Dataset excerpts ::

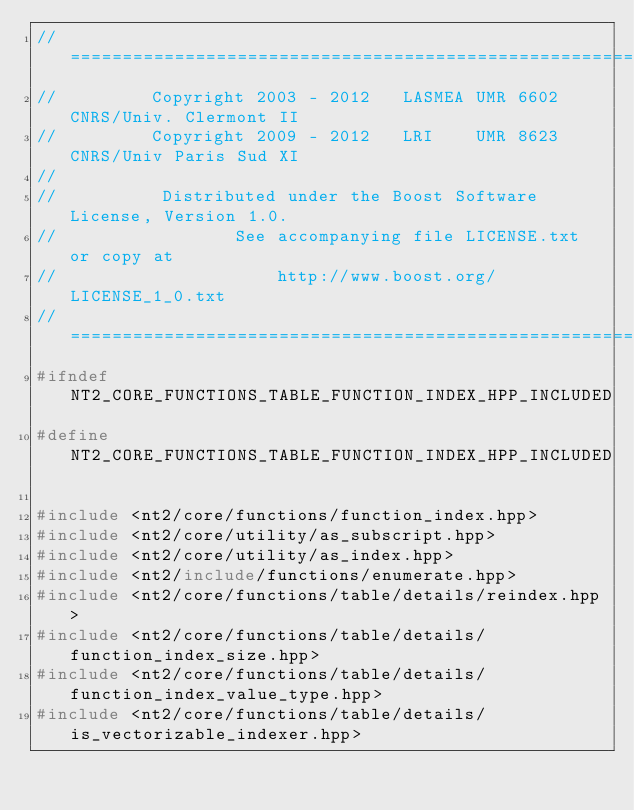Convert code to text. <code><loc_0><loc_0><loc_500><loc_500><_C++_>//==============================================================================
//         Copyright 2003 - 2012   LASMEA UMR 6602 CNRS/Univ. Clermont II
//         Copyright 2009 - 2012   LRI    UMR 8623 CNRS/Univ Paris Sud XI
//
//          Distributed under the Boost Software License, Version 1.0.
//                 See accompanying file LICENSE.txt or copy at
//                     http://www.boost.org/LICENSE_1_0.txt
//==============================================================================
#ifndef NT2_CORE_FUNCTIONS_TABLE_FUNCTION_INDEX_HPP_INCLUDED
#define NT2_CORE_FUNCTIONS_TABLE_FUNCTION_INDEX_HPP_INCLUDED

#include <nt2/core/functions/function_index.hpp>
#include <nt2/core/utility/as_subscript.hpp>
#include <nt2/core/utility/as_index.hpp>
#include <nt2/include/functions/enumerate.hpp>
#include <nt2/core/functions/table/details/reindex.hpp>
#include <nt2/core/functions/table/details/function_index_size.hpp>
#include <nt2/core/functions/table/details/function_index_value_type.hpp>
#include <nt2/core/functions/table/details/is_vectorizable_indexer.hpp></code> 
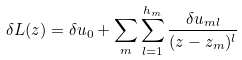<formula> <loc_0><loc_0><loc_500><loc_500>\delta L ( z ) = \delta u _ { 0 } + \sum _ { m } \sum _ { l = 1 } ^ { h _ { m } } \frac { \delta u _ { m l } } { ( z - z _ { m } ) ^ { l } }</formula> 
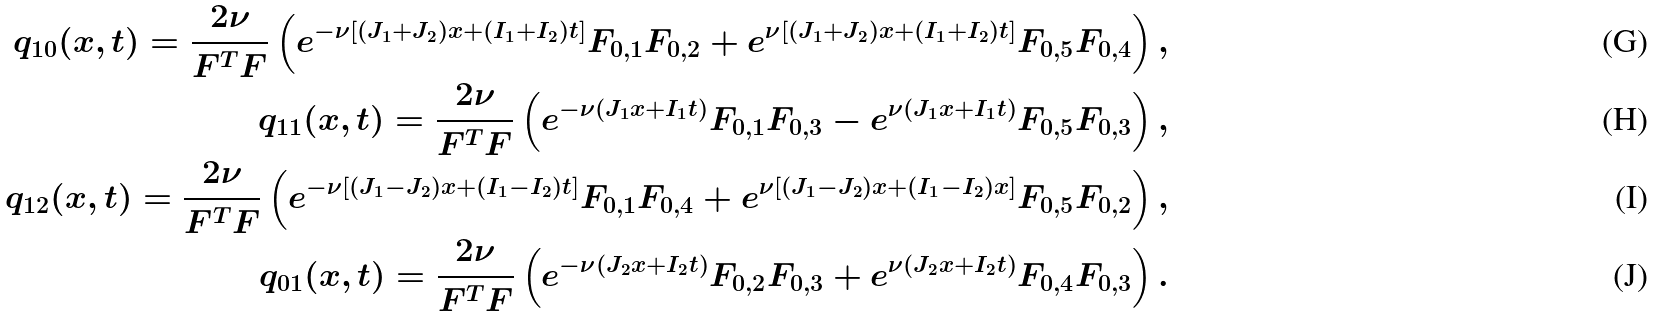<formula> <loc_0><loc_0><loc_500><loc_500>q _ { 1 0 } ( x , t ) = \frac { 2 \nu } { F ^ { T } F } \left ( e ^ { - \nu [ ( J _ { 1 } + J _ { 2 } ) x + ( I _ { 1 } + I _ { 2 } ) t ] } F _ { 0 , 1 } F _ { 0 , 2 } + e ^ { \nu [ ( J _ { 1 } + J _ { 2 } ) x + ( I _ { 1 } + I _ { 2 } ) t ] } F _ { 0 , 5 } F _ { 0 , 4 } \right ) , \\ q _ { 1 1 } ( x , t ) = \frac { 2 \nu } { F ^ { T } F } \left ( e ^ { - \nu ( J _ { 1 } x + I _ { 1 } t ) } F _ { 0 , 1 } F _ { 0 , 3 } - e ^ { \nu ( J _ { 1 } x + I _ { 1 } t ) } F _ { 0 , 5 } F _ { 0 , 3 } \right ) , \\ q _ { 1 2 } ( x , t ) = \frac { 2 \nu } { F ^ { T } F } \left ( e ^ { - \nu [ ( J _ { 1 } - J _ { 2 } ) x + ( I _ { 1 } - I _ { 2 } ) t ] } F _ { 0 , 1 } F _ { 0 , 4 } + e ^ { \nu [ ( J _ { 1 } - J _ { 2 } ) x + ( I _ { 1 } - I _ { 2 } ) x ] } F _ { 0 , 5 } F _ { 0 , 2 } \right ) , \\ q _ { 0 1 } ( x , t ) = \frac { 2 \nu } { F ^ { T } F } \left ( e ^ { - \nu ( J _ { 2 } x + I _ { 2 } t ) } F _ { 0 , 2 } F _ { 0 , 3 } + e ^ { \nu ( J _ { 2 } x + I _ { 2 } t ) } F _ { 0 , 4 } F _ { 0 , 3 } \right ) .</formula> 
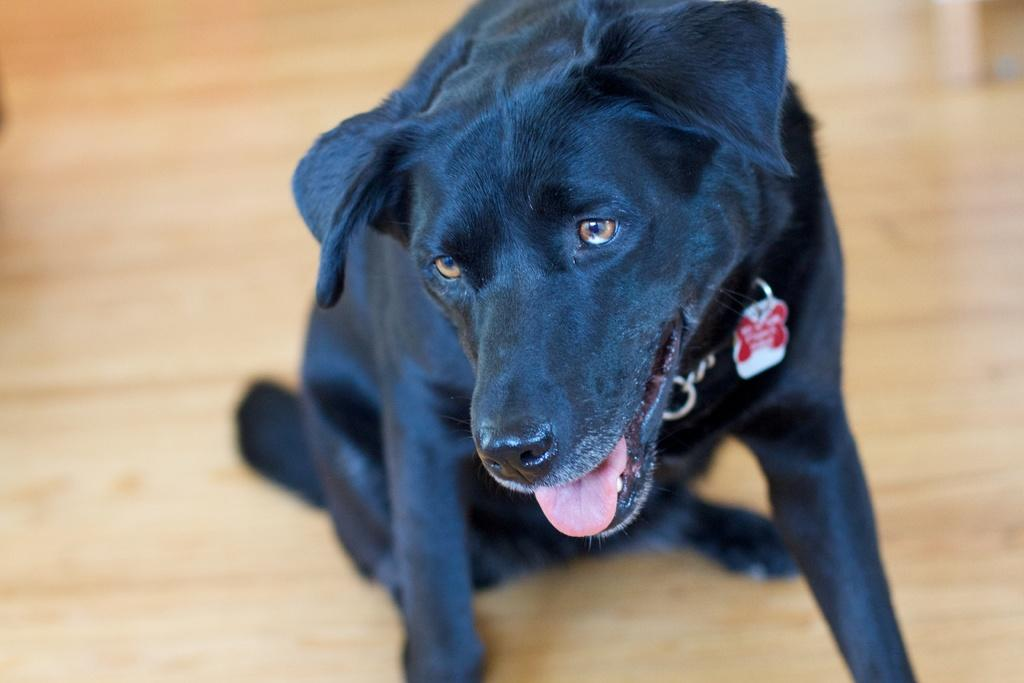What type of animal is present in the image? There is a dog in the image. Where is the dog located in the image? The dog is on the floor. Can you see the dog taking a flight in the image? No, there is no flight or any indication of the dog flying in the image. 
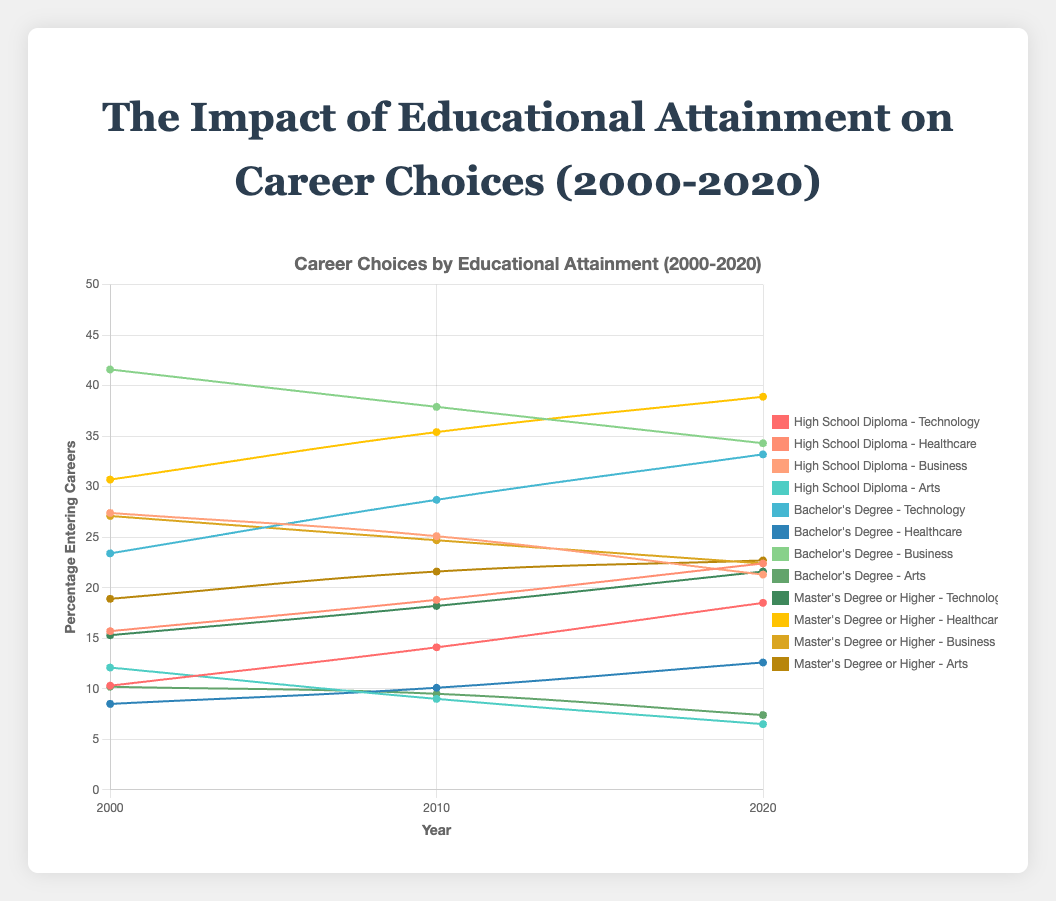Which career field had the highest percentage of Bachelor's Degree graduates in 2000? The figures for 2000 and Bachelor's Degree graduates are: Technology (23.4%), Healthcare (8.5%), Business (41.6%), and Arts (10.2%). The Business career field has the highest percentage.
Answer: Business Between 2000 and 2020, which career field saw the greatest absolute increase in percentage for those with a High School Diploma? The percentages for High School Diploma in 2000 and 2020 are: Technology (10.3% to 18.5%, increase of 8.2), Healthcare (15.7% to 22.4%, increase of 6.7), Business (27.4% to 21.3%, decrease of -6.1), and Arts (12.1% to 6.5%, decrease of -5.6). The Technology career field saw the greatest absolute increase.
Answer: Technology Which combination of year and educational level had the lowest percentage of graduates entering Arts careers? Check each group's percentage for Arts careers: High School Diploma in 2020 (6.5%) has the lowest percentage compared to all other groups and years.
Answer: High School Diploma in 2020 Calculate the combined percentage of graduates entering Technology and Healthcare careers for those with a Master's Degree or Higher in 2020. The percentages for Master's Degree or Higher in 2020 are: Technology (21.6%) and Healthcare (38.9%). Combined percentage is 21.6 + 38.9 = 60.5%.
Answer: 60.5% In 2010, which education level saw the smallest difference in percentage between graduates entering Healthcare and Business careers? Calculate the differences for 2010: High School Diploma (18.8% - 25.1% = -6.3), Bachelor's Degree (10.1% - 37.9% = -27.8), Master's Degree or Higher (35.4% - 24.7% = 10.7). The High School Diploma group has the smallest difference (-6.3).
Answer: High School Diploma Compare the trends of graduates entering Technology careers with a Bachelor's Degree from 2000 to 2020. Is there an increase or decrease? Observe the percentages for Technology with a Bachelor's Degree: 2000 (23.4%), 2010 (28.7%), and 2020 (33.2%). The trend shows an increase over the years.
Answer: Increase For 2010, identify the career field with the highest percentage of graduates with a Master's Degree or Higher. The percentages for Master's Degree or Higher in 2010 are: Technology (18.2%), Healthcare (35.4%), Business (24.7%), and Arts (21.6%). Healthcare has the highest percentage.
Answer: Healthcare Determine the overall trend for graduates entering Arts careers from 2000 to 2020 for those with a High School Diploma. The percentages for Arts with a High School Diploma are: 2000 (12.1%), 2010 (9.0%), and 2020 (6.5%). The trend shows a consistent decrease over the years.
Answer: Decrease 
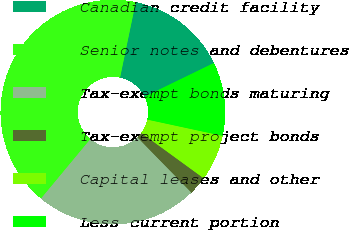<chart> <loc_0><loc_0><loc_500><loc_500><pie_chart><fcel>Canadian credit facility<fcel>Senior notes and debentures<fcel>Tax-exempt bonds maturing<fcel>Tax-exempt project bonds<fcel>Capital leases and other<fcel>Less current portion<nl><fcel>14.54%<fcel>42.24%<fcel>23.34%<fcel>2.67%<fcel>6.63%<fcel>10.58%<nl></chart> 
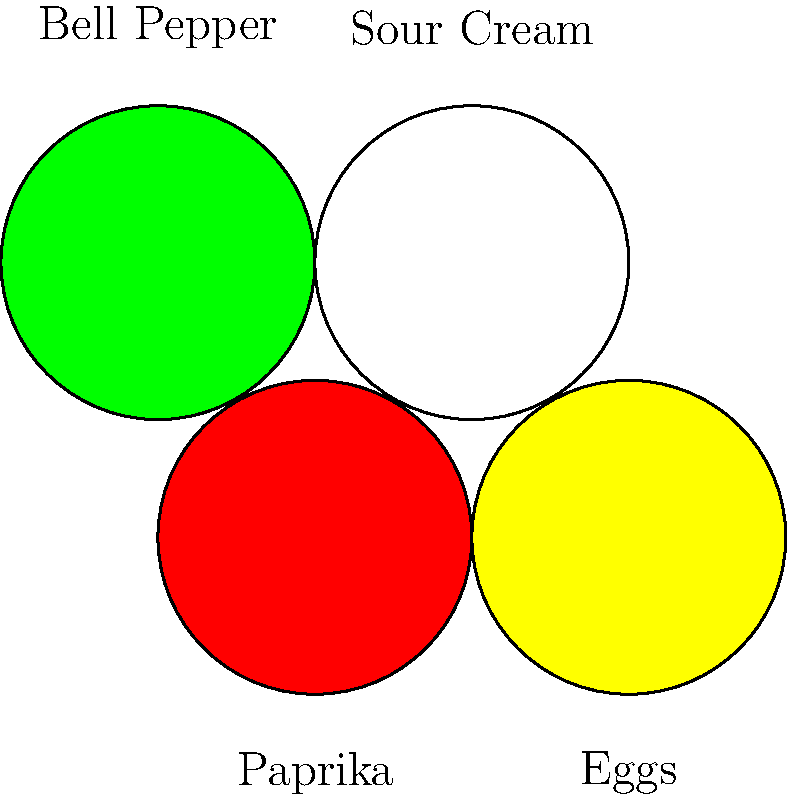Based on the visual representation of ingredients, which traditional Hungarian dish is most likely being prepared? To identify the Hungarian dish, let's analyze the ingredients shown:

1. Paprika (red circle): A key spice in Hungarian cuisine, often used for flavor and color.
2. Eggs (yellow circle): Suggests a dish that incorporates eggs as a main ingredient.
3. Bell Pepper (green circle): A common vegetable in Hungarian cooking, often used in stews and sautéed dishes.
4. Sour Cream (white circle): A staple in Hungarian cuisine, used to add creaminess and tang to many dishes.

Considering these ingredients together, we can deduce that the dish being prepared is likely Lecsó. This traditional Hungarian stew typically includes:

- Sautéed bell peppers
- Tomatoes (not shown, but often used with bell peppers)
- Eggs (added towards the end of cooking)
- Paprika for seasoning
- Sometimes served with a dollop of sour cream

While there are variations, the combination of bell peppers, eggs, paprika, and sour cream strongly indicates Lecsó, a popular summer dish in Hungary.
Answer: Lecsó 
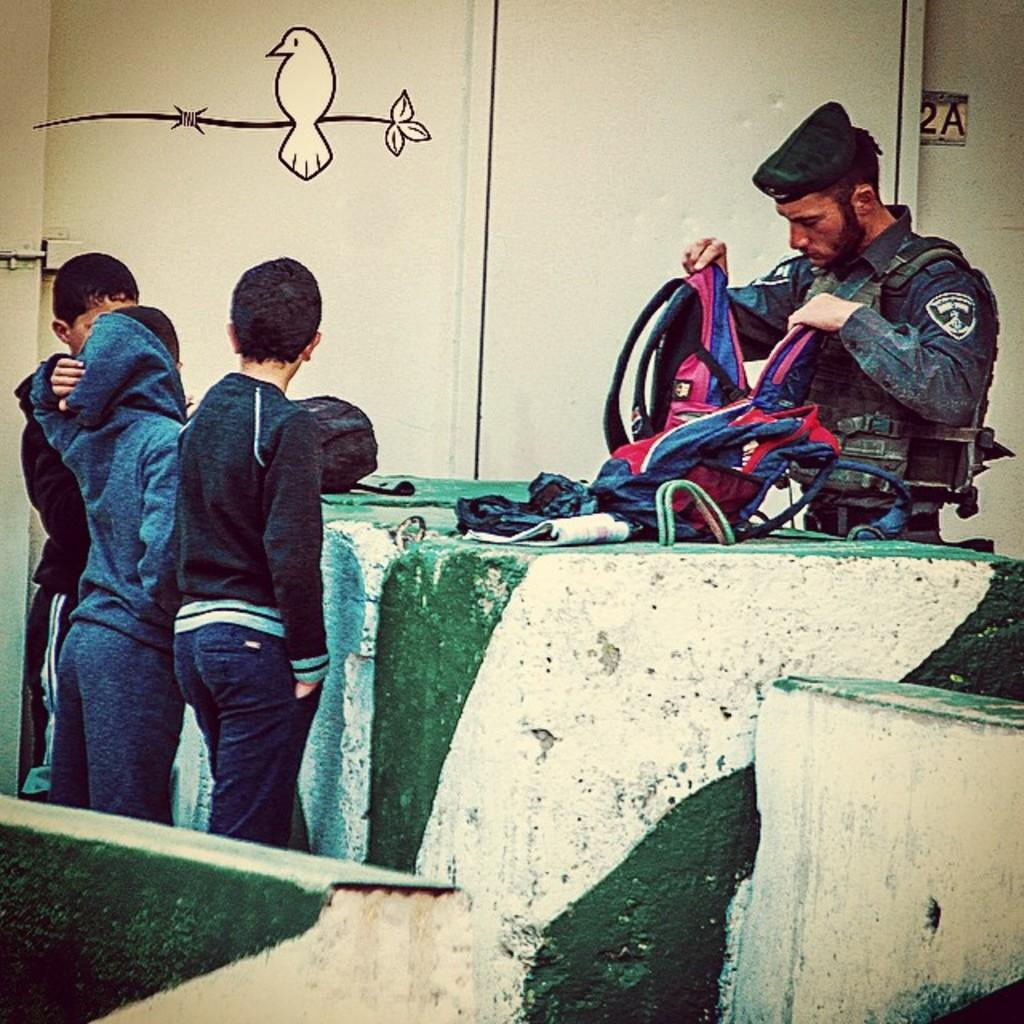How many people are in the image? There are four persons in the image. What is one person doing with their hands? One person is holding a bag with their hands. What is inside the bag? There are clothes in the bag. What can be seen in the background of the image? There is a wall in the background of the image. What is on the wall? There is a painting on the wall. What type of riddle can be solved by looking at the pot in the image? There is no pot present in the image, so no riddle can be solved by looking at a pot. What material is the metal used for in the image? There is no mention of metal in the image, so it is not possible to determine what material it might be used for. 
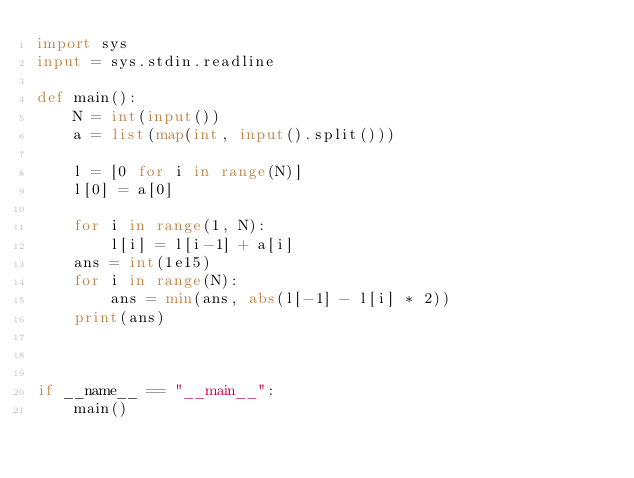<code> <loc_0><loc_0><loc_500><loc_500><_Python_>import sys
input = sys.stdin.readline

def main():
    N = int(input())
    a = list(map(int, input().split()))

    l = [0 for i in range(N)]
    l[0] = a[0]

    for i in range(1, N):
        l[i] = l[i-1] + a[i]
    ans = int(1e15)
    for i in range(N):
        ans = min(ans, abs(l[-1] - l[i] * 2))
    print(ans)



if __name__ == "__main__":
    main()</code> 
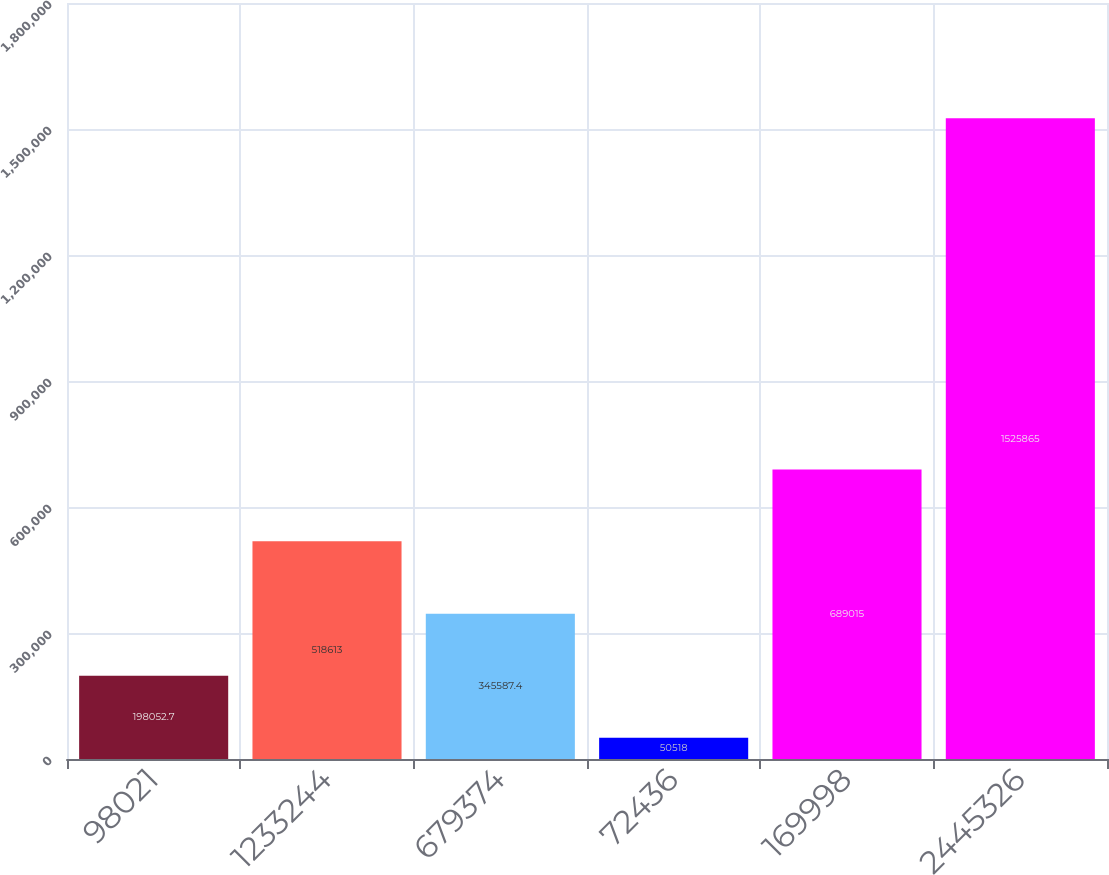Convert chart to OTSL. <chart><loc_0><loc_0><loc_500><loc_500><bar_chart><fcel>98021<fcel>1233244<fcel>679374<fcel>72436<fcel>169998<fcel>2445326<nl><fcel>198053<fcel>518613<fcel>345587<fcel>50518<fcel>689015<fcel>1.52586e+06<nl></chart>

WORK INSTRUCTIONS ::
Copy the lines of the entries above that mention "CNRS".

RESPONSE ::
//         Copyright 2003 - 2012   LASMEA UMR 6602 CNRS/Univ. Clermont II
//         Copyright 2009 - 2012   LRI    UMR 8623 CNRS/Univ Paris Sud XI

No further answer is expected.